→ What is needed: Please return every line of the material verbatim and skip any images.

→ Data extracts:
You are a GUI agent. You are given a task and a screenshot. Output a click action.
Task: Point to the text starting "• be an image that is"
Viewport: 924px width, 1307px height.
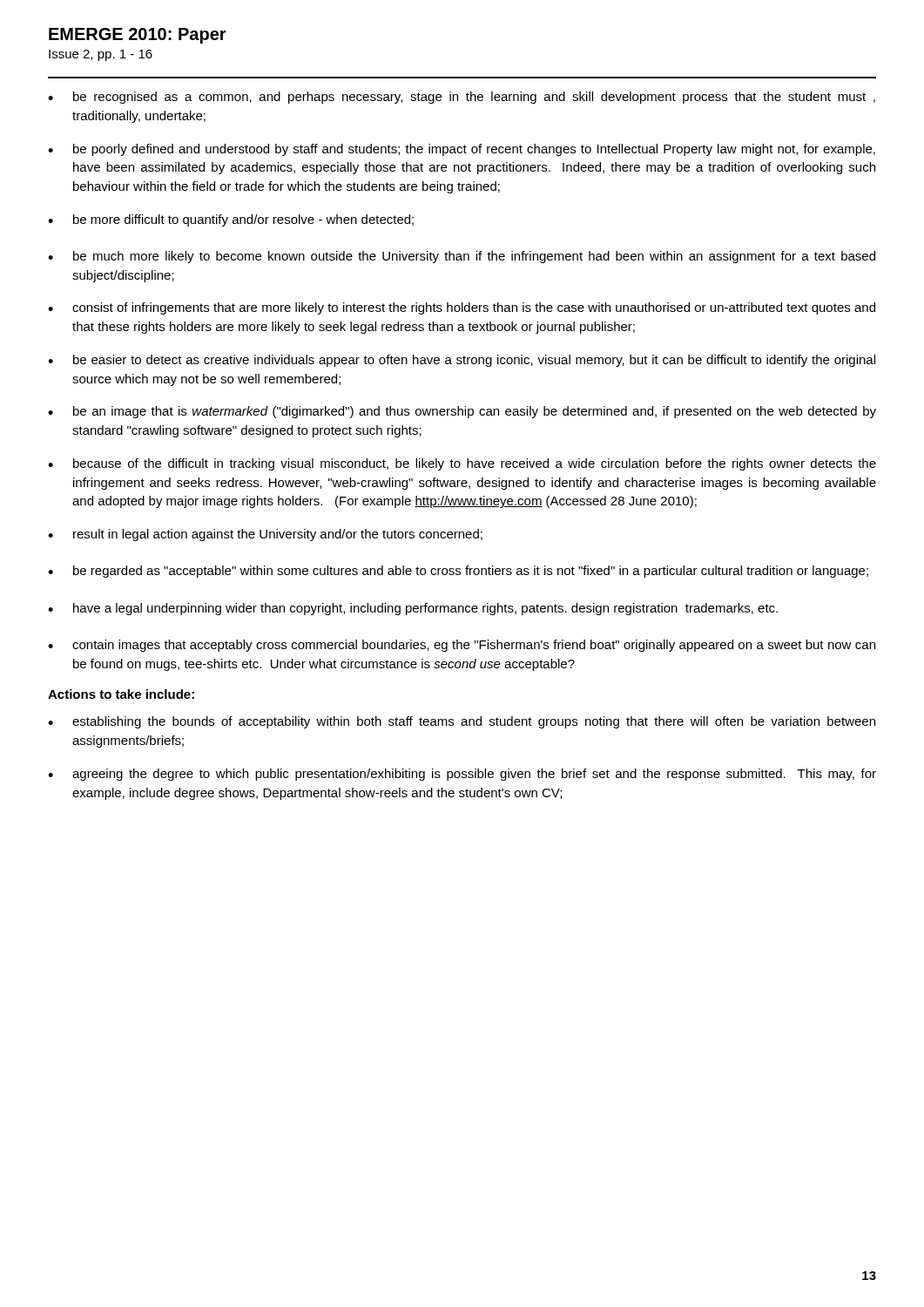[x=462, y=421]
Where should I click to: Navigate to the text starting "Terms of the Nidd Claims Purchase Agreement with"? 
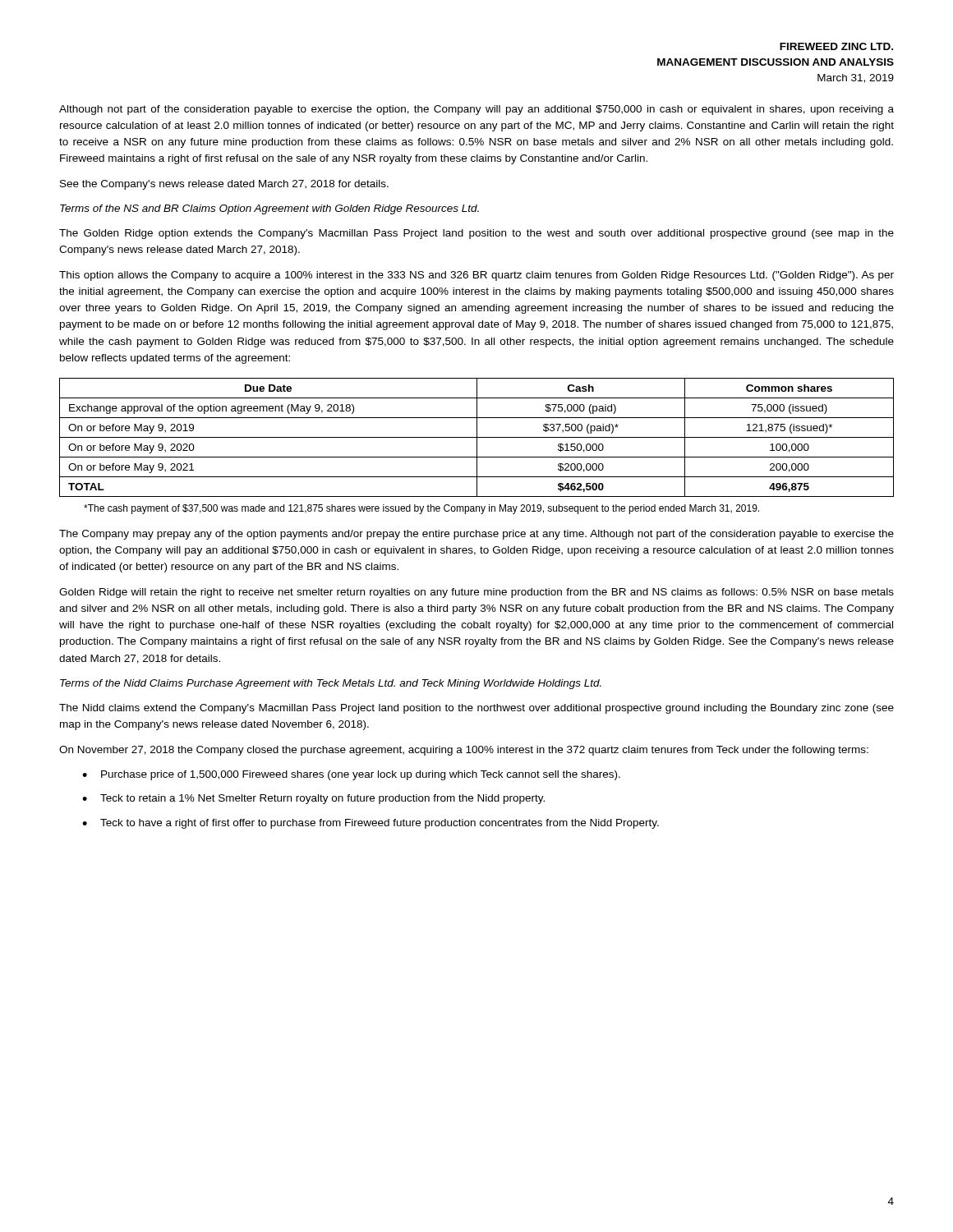coord(331,683)

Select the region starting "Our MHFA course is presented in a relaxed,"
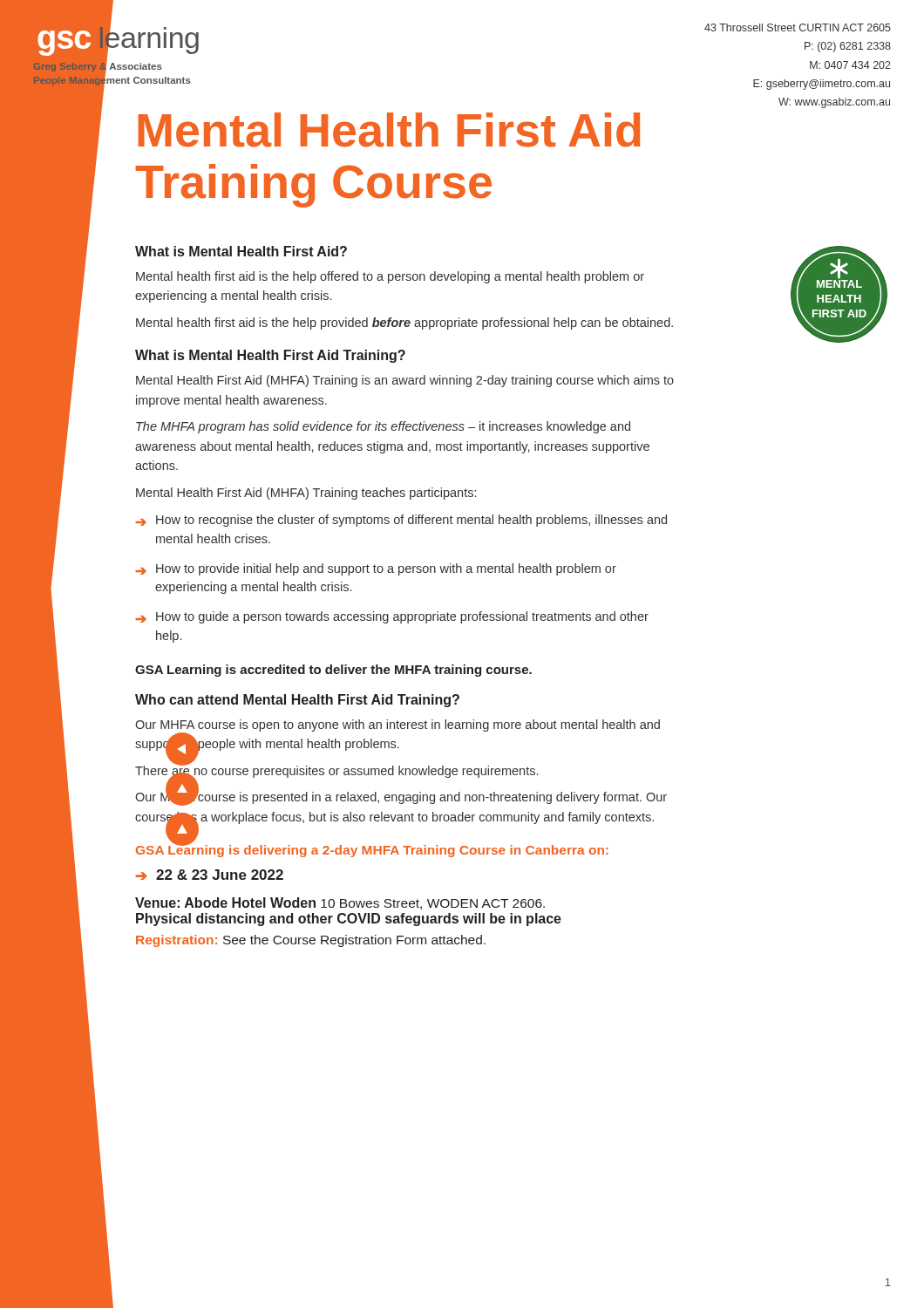pos(401,807)

→ Result of this task:
You are a GUI agent. You are given a task and a screenshot. Output a click action.
Task: Point to the text starting "• be an image that is"
Viewport: 924px width, 1307px height.
[x=462, y=421]
Where should I click to: Navigate to the text starting "Terms of the Nidd Claims Purchase Agreement with"? 
coord(331,683)

Select the region starting "Our MHFA course is presented in a relaxed,"
pos(401,807)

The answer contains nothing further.